# TASK GOAL
Work through the data below and copy out every line where "meters" is found.

# DATA TO PROCESS
»»

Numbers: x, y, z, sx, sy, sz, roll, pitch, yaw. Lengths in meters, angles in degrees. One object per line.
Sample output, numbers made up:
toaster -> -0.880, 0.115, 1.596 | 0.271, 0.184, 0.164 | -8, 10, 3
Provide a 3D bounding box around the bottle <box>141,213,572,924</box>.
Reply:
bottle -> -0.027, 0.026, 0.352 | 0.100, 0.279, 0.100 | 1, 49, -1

««
»»

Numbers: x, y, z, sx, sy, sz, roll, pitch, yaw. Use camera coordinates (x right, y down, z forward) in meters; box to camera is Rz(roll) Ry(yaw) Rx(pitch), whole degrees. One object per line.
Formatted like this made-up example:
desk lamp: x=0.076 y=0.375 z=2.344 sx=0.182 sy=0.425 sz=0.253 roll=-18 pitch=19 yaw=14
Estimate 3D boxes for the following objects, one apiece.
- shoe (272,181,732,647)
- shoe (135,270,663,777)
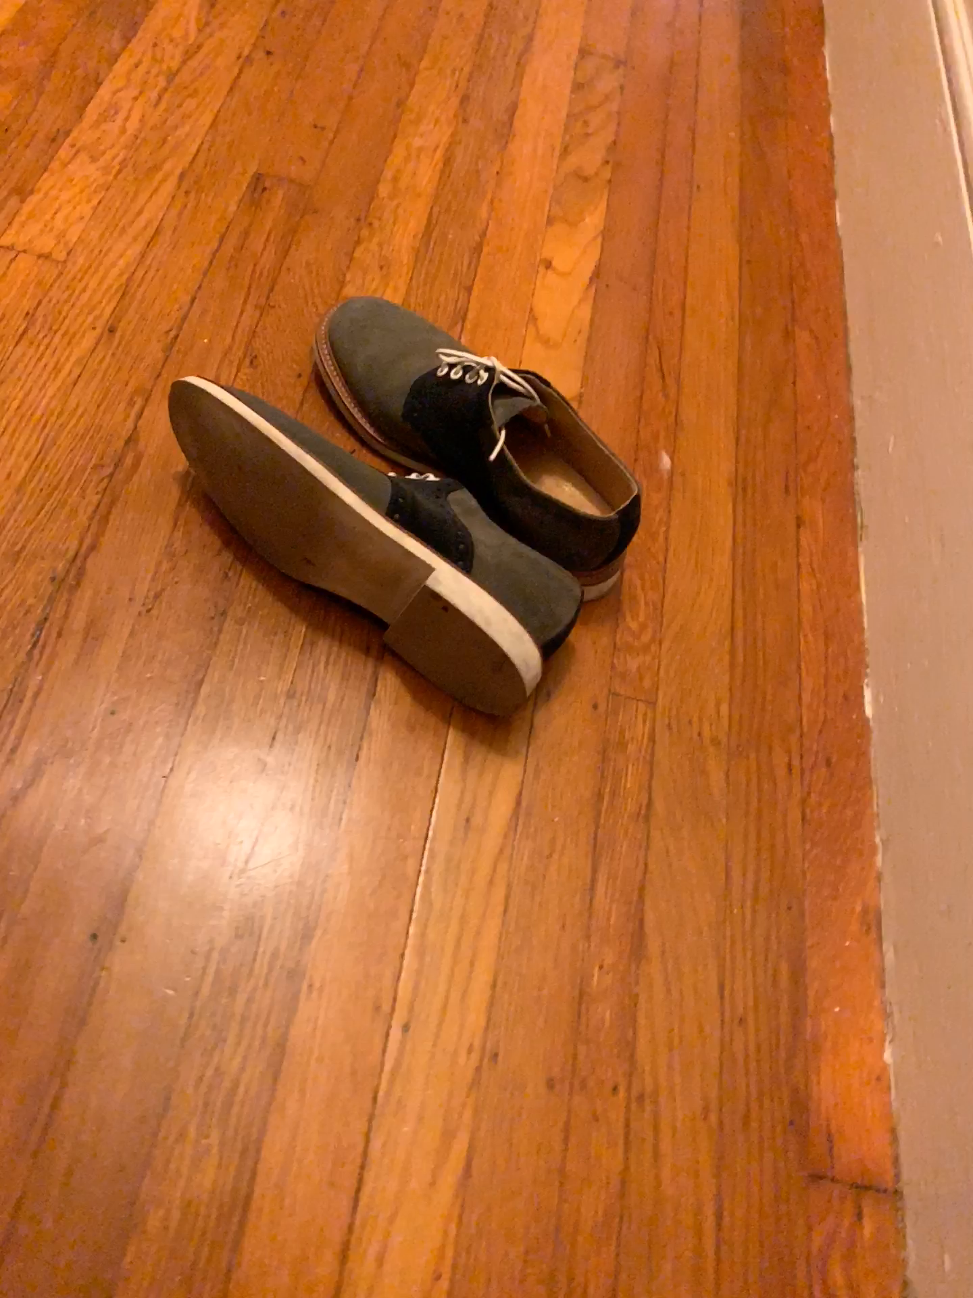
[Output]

««

# RESPONSE TO THE TASK
Numbers: x, y, z, sx, sy, sz, roll, pitch, yaw. Lengths in meters, angles in degrees. One object per line.
Numbers: x, y, z, sx, sy, sz, roll, pitch, yaw. Use camera coordinates (x right, y down, z forward) in meters; box to camera is Rz(roll) Ry(yaw) Rx(pitch), whole degrees. One object per line.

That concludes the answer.